You can do this without defining a servlet or running a web server/servlet
engine. Java supports the definition of new protocols. When a URL is opened,
a system property is examined for protocols which are not built in. If you
append yourPackage.yourProtocol to the java.protocol.handler.pkgs system
property (using a vertical bar as a separator), the JVM will look for a
conventionally named class extending URLStreamHandler, and you can define
this class to return a stream connected to an arbitrary data source.

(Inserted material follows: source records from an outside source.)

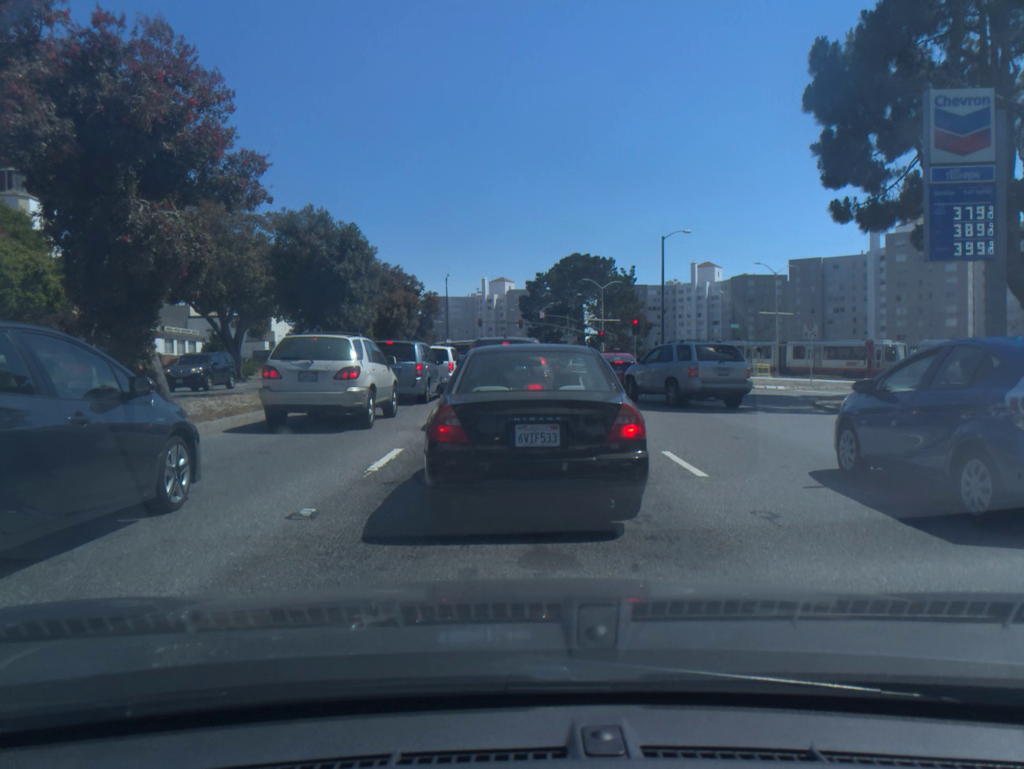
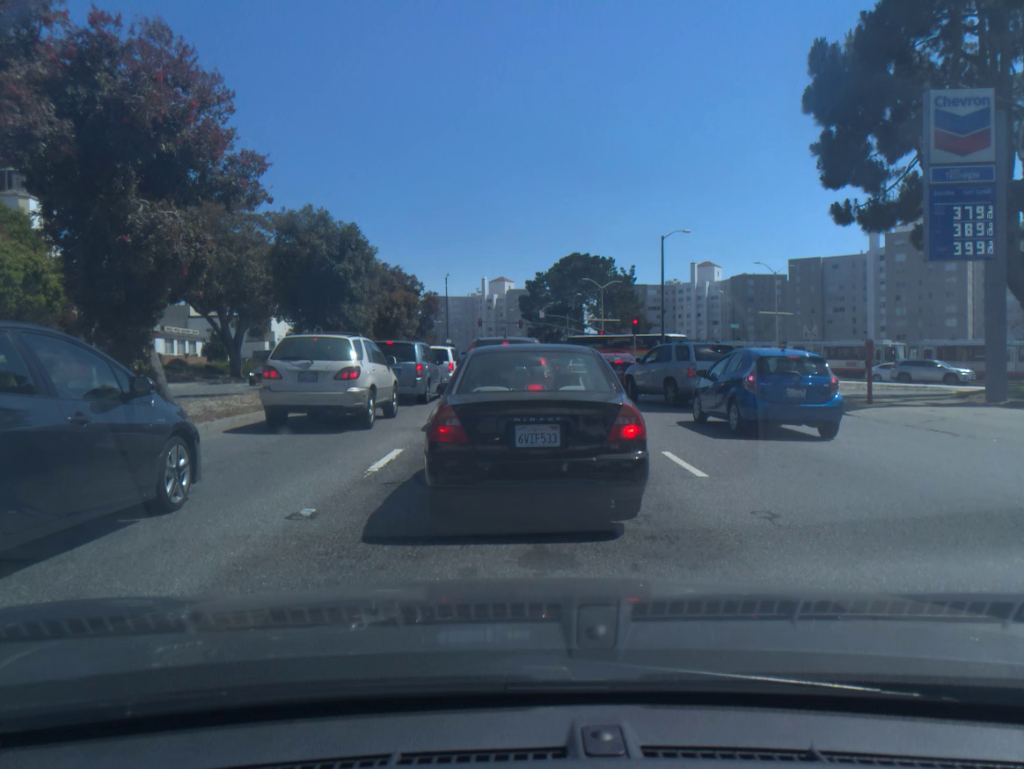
(0.0, 0.0) m; 0°
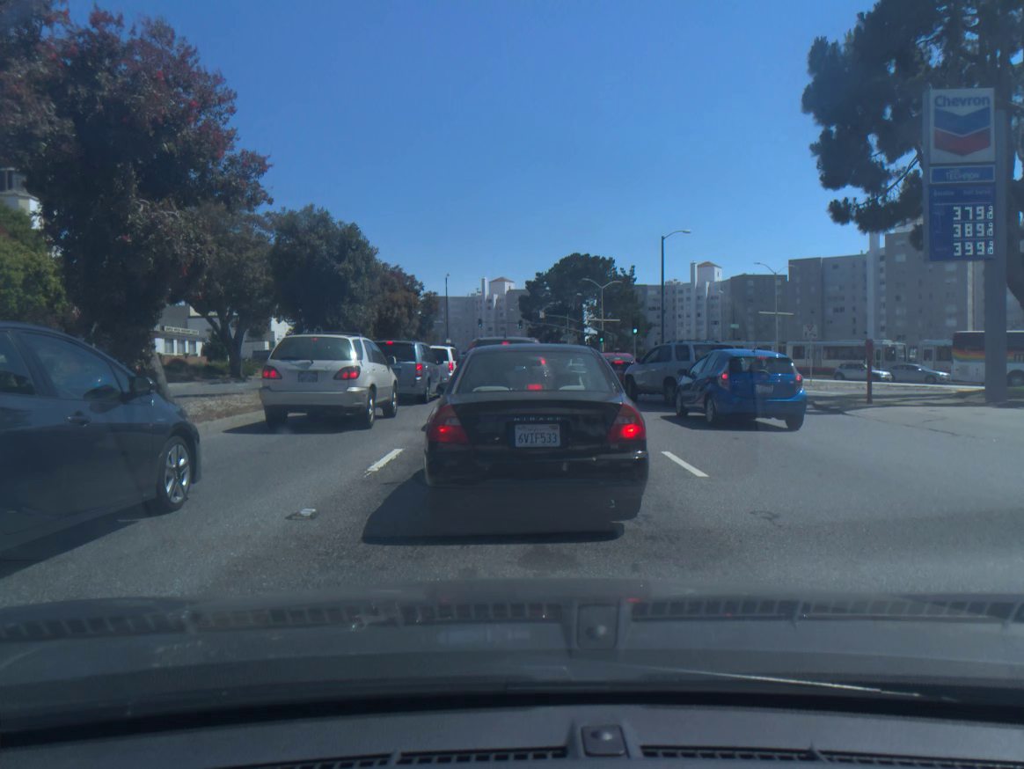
(0.0, 0.0) m; 0°
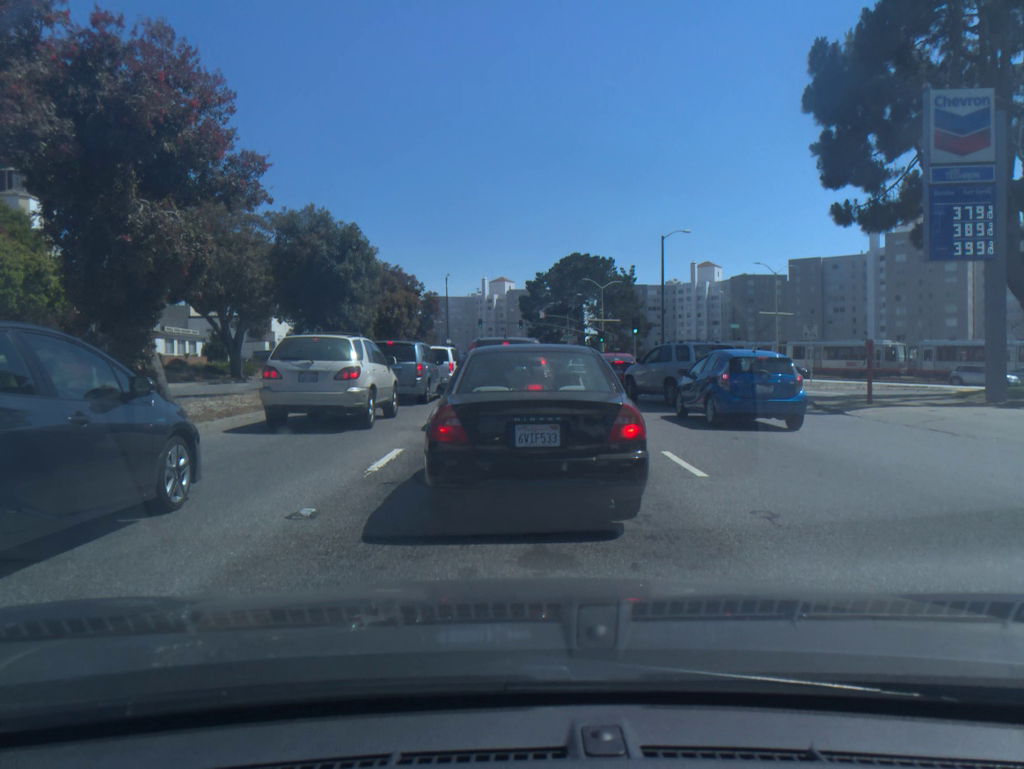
(0.0, 0.0) m; 0°
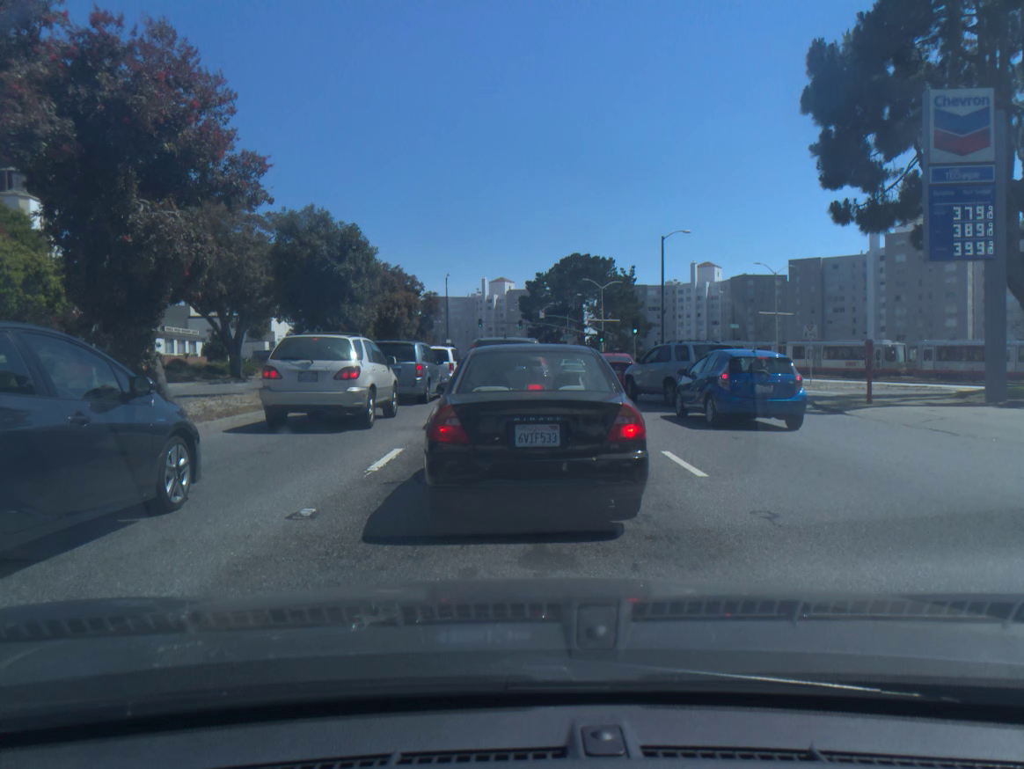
(0.0, 0.0) m; 0°
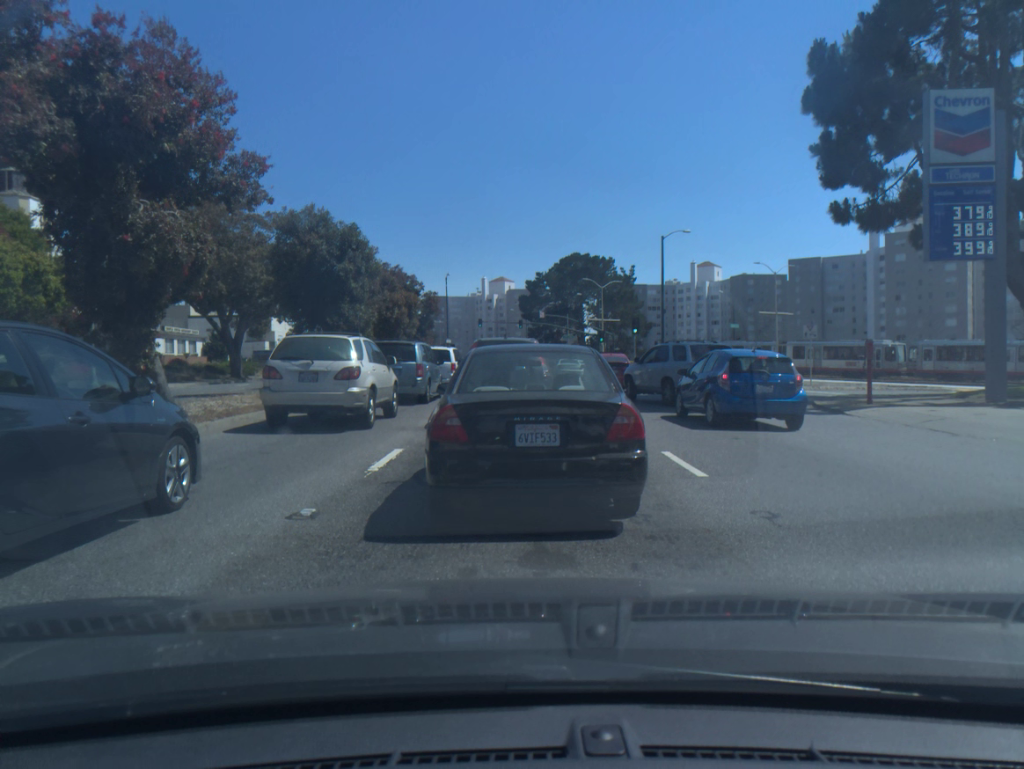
(0.0, 0.0) m; 0°
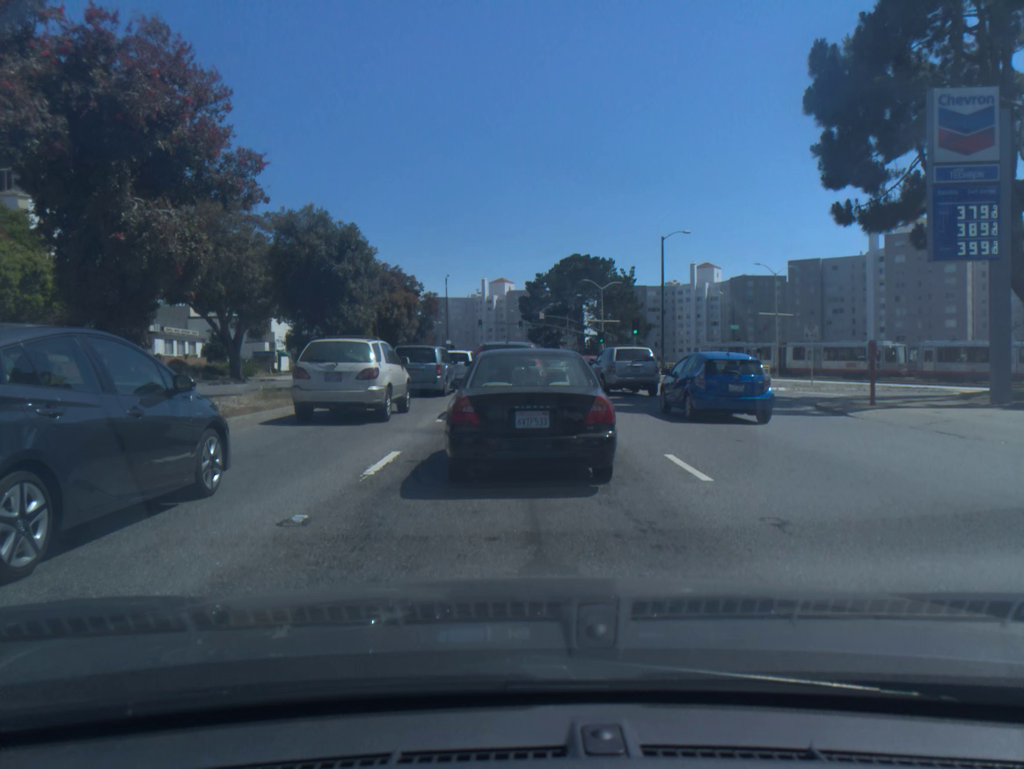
(0.0, +0.2) m; 0°

In contrast to a servlet, any URL based on such a protocol will be
meaningless outside of the local JVM. On the other hand, it can be
convenient to have everything happening in the same thread (which is not the
case with a servlet).

Javasoft carefully hides the documentation of this feature under one of the
URL constructors. You would look in vain in the URLStreamHandler
documentation for any hint of how to make the JVM aware of a new Handler.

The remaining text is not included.